Of all the protection techniques Themida offers, this sample only uses compressed/encrypted sections, junk code, and API wrapping. What’s more, the junk code and API wrapping were only used in the unpacking routine. 

We didn’t encounter any anti-debugging tricks, nor did we notice any code virtualization employed. 

Our first goal is to extract the malware body and see how amenable it is to analysis. For this, we’ll need the x64dbg debugger and a couple of minutes. 

After loading the sample in the debugger and reaching its entry point, we need to set a breakpoint on the loading of any system DLL. 

Next, we’ll let the program run until it hits the breakpoint (press F9), and we can then dump the unpacked sample for further static analysis:

Now that we have the dump, we can assess how amenable it is to analysis. As we’ll see, the code is quite readable. For instance, the following code loads an encrypted string onto the stack and calls a function to decrypt it: 

This code ultimately generates this string: 

However, there is still some obfuscation in play – the encrypted string isn’t stored anywhere, but rather pushed onto the stack using instructions. This raises the question: was this obfuscation done by Themida, or was it present in the sample before packing?   

We’ll answer that a little later. 

We can also try searching the dump for anything interesting. In the example below, using the ImHex hex editor and regular expressions, we manage to find the C2 server. 

RisePro with VMProtect   

Unpacking the VMProtect sample happens similarly. After the first system DLL loads, we dump it and see the same picture — the C2 server right there in the dump, along with quite readable code. 
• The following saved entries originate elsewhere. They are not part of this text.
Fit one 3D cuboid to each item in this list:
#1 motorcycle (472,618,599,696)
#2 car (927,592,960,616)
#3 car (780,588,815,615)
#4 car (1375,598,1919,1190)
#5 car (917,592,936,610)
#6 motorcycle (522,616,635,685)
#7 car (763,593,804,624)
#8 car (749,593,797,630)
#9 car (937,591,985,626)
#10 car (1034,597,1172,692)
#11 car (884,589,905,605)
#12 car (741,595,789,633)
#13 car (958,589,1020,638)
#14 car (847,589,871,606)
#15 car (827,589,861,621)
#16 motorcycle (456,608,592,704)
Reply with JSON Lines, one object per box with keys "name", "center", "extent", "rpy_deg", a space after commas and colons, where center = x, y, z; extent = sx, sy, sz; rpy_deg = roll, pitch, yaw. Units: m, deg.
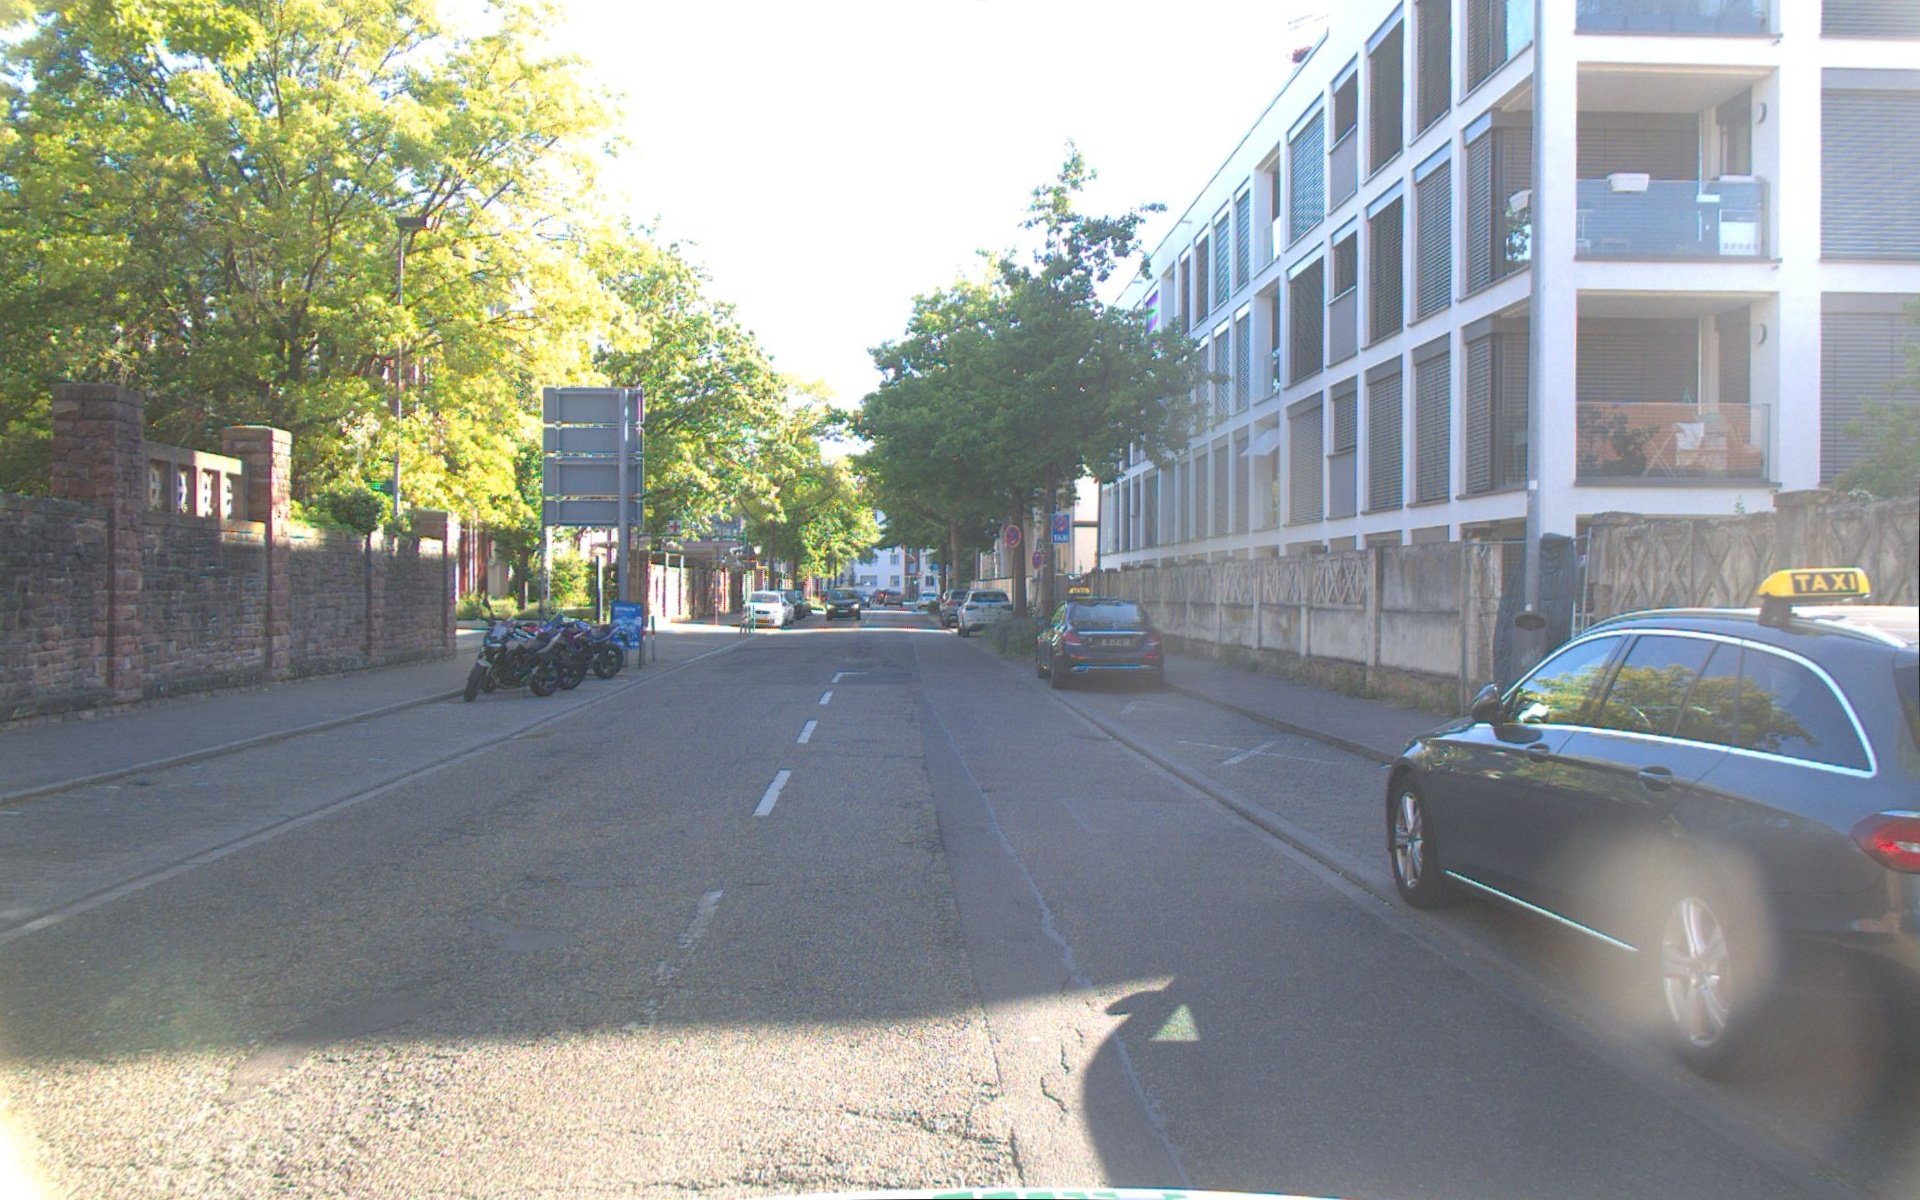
{"name": "motorcycle", "center": [-6.450, 0.847, 25.237], "extent": [0.565, 1.093, 2.117], "rpy_deg": [0, 0, 30]}
{"name": "car", "center": [-1.051, 0.234, 103.253], "extent": [1.953, 1.450, 3.835], "rpy_deg": [0, 0, -2]}
{"name": "car", "center": [-9.761, 0.054, 99.404], "extent": [1.869, 1.557, 3.998], "rpy_deg": [1, 0, -3]}
{"name": "car", "center": [3.191, 0.762, 6.565], "extent": [1.669, 1.494, 4.786], "rpy_deg": [1, 0, -3]}
{"name": "car", "center": [-2.773, 0.093, 137.490], "extent": [1.553, 1.424, 3.835], "rpy_deg": [0, 0, -2]}
{"name": "motorcycle", "center": [-6.465, 0.832, 28.140], "extent": [0.565, 1.093, 2.117], "rpy_deg": [0, 0, 30]}
{"name": "car", "center": [-9.176, 0.430, 86.358], "extent": [1.869, 1.557, 3.998], "rpy_deg": [0, 0, -3]}
{"name": "car", "center": [-8.362, 0.498, 74.216], "extent": [1.869, 1.557, 3.998], "rpy_deg": [0, 0, -3]}
{"name": "car", "center": [0.022, 0.348, 72.426], "extent": [1.953, 1.491, 3.835], "rpy_deg": [0, 0, -2]}
{"name": "car", "center": [2.333, 0.694, 27.852], "extent": [1.732, 1.465, 3.997], "rpy_deg": [0, 0, -4]}
{"name": "car", "center": [-6.015, -0.252, 151.645], "extent": [1.851, 1.424, 3.835], "rpy_deg": [0, 0, -2]}
{"name": "car", "center": [-8.033, 0.557, 68.355], "extent": [1.732, 1.513, 3.997], "rpy_deg": [0, 0, -4]}
{"name": "car", "center": [0.955, 0.430, 56.614], "extent": [1.911, 1.606, 3.835], "rpy_deg": [0, 0, -2]}
{"name": "car", "center": [-8.852, -0.212, 145.569], "extent": [1.953, 1.478, 3.999], "rpy_deg": [0, 0, -1]}
{"name": "car", "center": [-5.956, 0.233, 84.958], "extent": [1.620, 1.557, 3.998], "rpy_deg": [0, 0, -3]}
{"name": "motorcycle", "center": [-6.261, 0.779, 23.873], "extent": [0.565, 1.298, 2.117], "rpy_deg": [0, 0, 30]}

The code that pushes the same string (“CreateDirect3dd11DeviceFromDXGIDevice”) onto the stack looks very similar to the snippet we saw in the Themida sample. From this, we can conclude that the string protection functionality belongs to RisePro itself, not the protector. 

The VMProtect sample also doesn’t use any code virtualization. 

You may notice that although the C2 servers differ between the two samples, their offsets from the start of the segment are identical, despite the different protectors. The same goes for the code that pushes and decrypts the string — the offsets match. 

Other families 

In addition to RisePro, similar protectors are used by families like PrivateLoader, Amadey, Arkei, and Lumma. In each case, the virtualization functionality is ignored – the protectors are used as simple packers, barely hindering analysis.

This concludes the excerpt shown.